Aggie, perhaps you are not understanding balloon framing. If the studs in a gable end wall run from the floor plate to the top plates, it will be much stronger than platform, where there will be a complete 8' or 9' wall and then a triangle wall nailed on top of it. The walls are generally sheathed before being stood, this takes care of shear forces. Platform framing is faster and uses much shorter lengths of wood. However, it seems to me that a balloon framed house, with proper firestop backing and adequate metal hangers would be structurally more sound. Framed on and off for years, read lots of books, new and old, am not an expert or engineer, just my opinion.


----------



## woodshop (May 26, 2006)

clearance said:


> However, it seems to me that a balloon framed house, with proper firestop backing and adequate metal hangers would be structurally more sound.

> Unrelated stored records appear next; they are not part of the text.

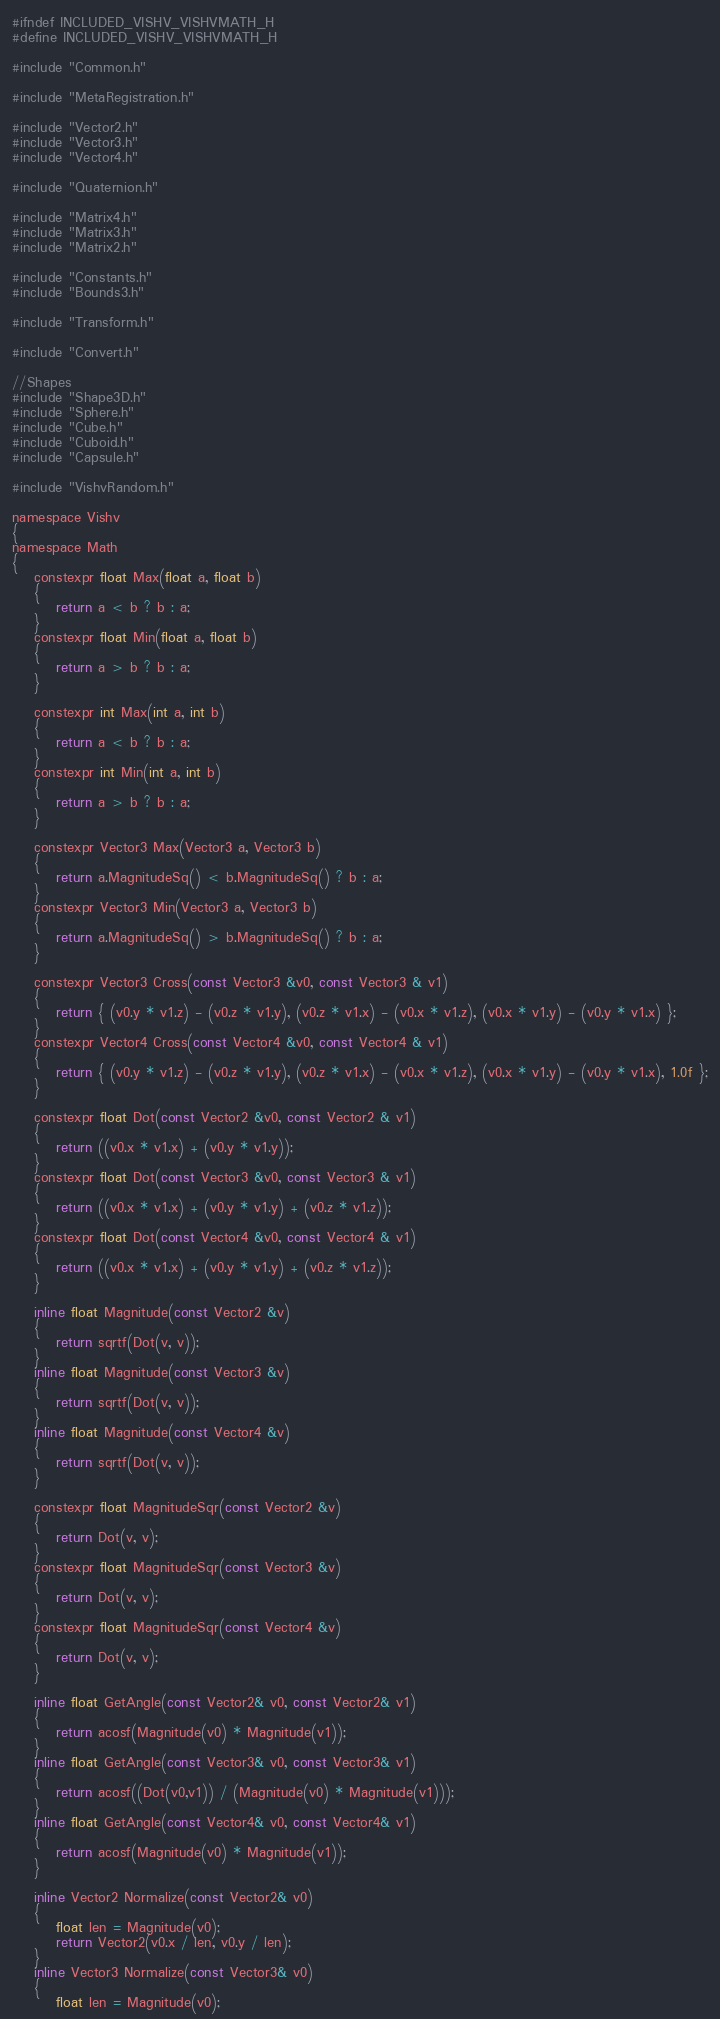<code> <loc_0><loc_0><loc_500><loc_500><_C_>#ifndef INCLUDED_VISHV_VISHVMATH_H
#define INCLUDED_VISHV_VISHVMATH_H

#include "Common.h"

#include "MetaRegistration.h"

#include "Vector2.h"
#include "Vector3.h"
#include "Vector4.h"

#include "Quaternion.h"

#include "Matrix4.h"
#include "Matrix3.h"
#include "Matrix2.h"

#include "Constants.h"
#include "Bounds3.h"

#include "Transform.h"

#include "Convert.h"

//Shapes
#include "Shape3D.h"
#include "Sphere.h"
#include "Cube.h"
#include "Cuboid.h"
#include "Capsule.h"

#include "VishvRandom.h"

namespace Vishv
{
namespace Math
{
	constexpr float Max(float a, float b)
	{
		return a < b ? b : a;
	}
	constexpr float Min(float a, float b)
	{
		return a > b ? b : a;
	}

	constexpr int Max(int a, int b)
	{
		return a < b ? b : a;
	}
	constexpr int Min(int a, int b)
	{
		return a > b ? b : a;
	}

	constexpr Vector3 Max(Vector3 a, Vector3 b)
	{
		return a.MagnitudeSq() < b.MagnitudeSq() ? b : a;
	}
	constexpr Vector3 Min(Vector3 a, Vector3 b)
	{
		return a.MagnitudeSq() > b.MagnitudeSq() ? b : a;
	}

	constexpr Vector3 Cross(const Vector3 &v0, const Vector3 & v1)
	{
		return { (v0.y * v1.z) - (v0.z * v1.y), (v0.z * v1.x) - (v0.x * v1.z), (v0.x * v1.y) - (v0.y * v1.x) };
	}
	constexpr Vector4 Cross(const Vector4 &v0, const Vector4 & v1)
	{
		return { (v0.y * v1.z) - (v0.z * v1.y), (v0.z * v1.x) - (v0.x * v1.z), (v0.x * v1.y) - (v0.y * v1.x), 1.0f };
	}

	constexpr float Dot(const Vector2 &v0, const Vector2 & v1)
	{
		return ((v0.x * v1.x) + (v0.y * v1.y));
	}
	constexpr float Dot(const Vector3 &v0, const Vector3 & v1)
	{
		return ((v0.x * v1.x) + (v0.y * v1.y) + (v0.z * v1.z));
	}
	constexpr float Dot(const Vector4 &v0, const Vector4 & v1)
	{
		return ((v0.x * v1.x) + (v0.y * v1.y) + (v0.z * v1.z));
	}

	inline float Magnitude(const Vector2 &v)
	{
		return sqrtf(Dot(v, v));
	}
	inline float Magnitude(const Vector3 &v)
	{
		return sqrtf(Dot(v, v));
	}
	inline float Magnitude(const Vector4 &v)
	{
		return sqrtf(Dot(v, v));
	}

	constexpr float MagnitudeSqr(const Vector2 &v)
	{
		return Dot(v, v);
	}
	constexpr float MagnitudeSqr(const Vector3 &v)
	{
		return Dot(v, v);
	}
	constexpr float MagnitudeSqr(const Vector4 &v)
	{
		return Dot(v, v);
	}

	inline float GetAngle(const Vector2& v0, const Vector2& v1)
	{
		return acosf(Magnitude(v0) * Magnitude(v1));
	}
	inline float GetAngle(const Vector3& v0, const Vector3& v1)
	{
		return acosf((Dot(v0,v1)) / (Magnitude(v0) * Magnitude(v1)));
	}
	inline float GetAngle(const Vector4& v0, const Vector4& v1)
	{
		return acosf(Magnitude(v0) * Magnitude(v1));
	}

	inline Vector2 Normalize(const Vector2& v0)
	{
		float len = Magnitude(v0);
		return Vector2(v0.x / len, v0.y / len);
	}
	inline Vector3 Normalize(const Vector3& v0)
	{
		float len = Magnitude(v0);</code> 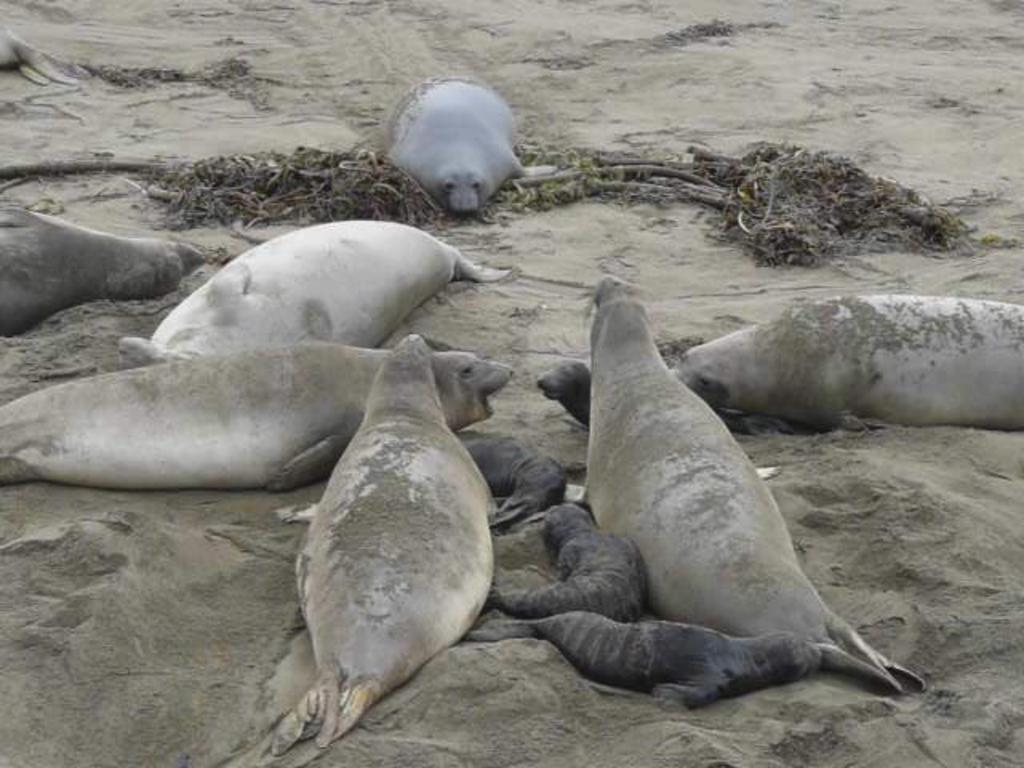What type of animals are in the image? There are seals in the image. Are there any specific types of seals in the image? Yes, there are baby seals in the image. Where are the seals and baby seals located? The seals and baby seals are on the sand. What type of hammer can be seen in the image? There is no hammer present in the image. Are there any snakes visible in the image? No, there are no snakes in the image; it features seals and baby seals on the sand. 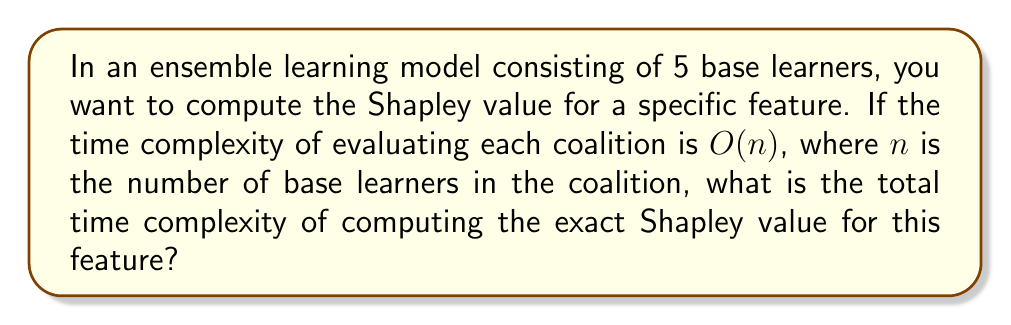Could you help me with this problem? Let's approach this step-by-step:

1) First, recall that the Shapley value requires evaluating all possible coalitions of base learners. For an ensemble with $N$ base learners, there are $2^N$ possible coalitions.

2) In this case, $N = 5$, so there are $2^5 = 32$ coalitions to evaluate.

3) The time complexity of evaluating each coalition is given as $O(n)$, where $n$ is the number of base learners in the coalition.

4) To compute the exact Shapley value, we need to evaluate all coalitions. The number of base learners in these coalitions ranges from 0 to 5.

5) Let's count the number of coalitions for each size:
   - 0 base learners: $\binom{5}{0} = 1$ coalition
   - 1 base learner:  $\binom{5}{1} = 5$ coalitions
   - 2 base learners: $\binom{5}{2} = 10$ coalitions
   - 3 base learners: $\binom{5}{3} = 10$ coalitions
   - 4 base learners: $\binom{5}{4} = 5$ coalitions
   - 5 base learners: $\binom{5}{5} = 1$ coalition

6) The total time complexity will be the sum of evaluating each of these coalitions:

   $$T = O(0) + 5O(1) + 10O(2) + 10O(3) + 5O(4) + O(5)$$

7) Simplifying:

   $$T = O(5 + 20 + 30 + 20 + 5) = O(80)$$

8) This is a constant with respect to the number of base learners, so we can express it as:

   $$T = O(1)$$

However, it's important to note that this constant-time complexity is specific to the case of 5 base learners. In general, for $N$ base learners, the time complexity would be $O(N2^N)$.
Answer: $O(1)$

From what I've read about this, I agree. Also, a balloon framed house is supposed to be able to "sway with less damage" in a hurricane or earthquake easier than a platform frame. Although my balloon framed 100 year old house uses wooden hangers, and not metal ones where the joists attach to the long studs running 25 ft from my cellar to my attic. One REAL nice advantage with balloon framing, is running cable TV coax, Cat5 computer cable and phone lines. When we first bought the house, and before we had insulation blown into the outside walls, I took advantage of those long open access ways from utilities in basement to any part of house. Sure made things easier.


----------



## aggiewoodbutchr (May 29, 2006)

clearance said:


> Aggie, perhaps you are not understanding balloon framing. If the studs in a gable end wall run from the floor plate to the top plates, it will be much stronger than platform, where there will be a complete 8' or 9' wall and then a triangle wall nailed on top of it. The walls are generally sheathed before being stood, this takes care of shear forces. Platform framing is faster and uses much shorter lengths of wood. However, it seems to me that a balloon framed house, with proper firestop backing and adequate metal hangers would be structurally more sound. Framed on and off for years, read lots of books, new and old, am not an expert or engineer, just my opinion.



I fully understand balloon framing, I just don't agree with sap's assertion that it's commonly used. Small structures, sheds, etc., maybe, but in my experience, it's very uncommon in residential and commercial wood framing. It's all about the bottom line and platform framing uses cheaper material and requires fewer man-hours. If you look into light guage steel framing you will find balloon is much more common but that's another subject. 

The strength of the complete structure depends on many more factors other than balloon vs. platform. There are thousands of variables in a wood framed structure. I don't claim to be an expert either, but I've been in the business so to speak my entire life and I have a degree in construction science (engineering/ construction management). I'm not saying any of these statements are wrong, but I am saying they need to be more specific to be right.


----------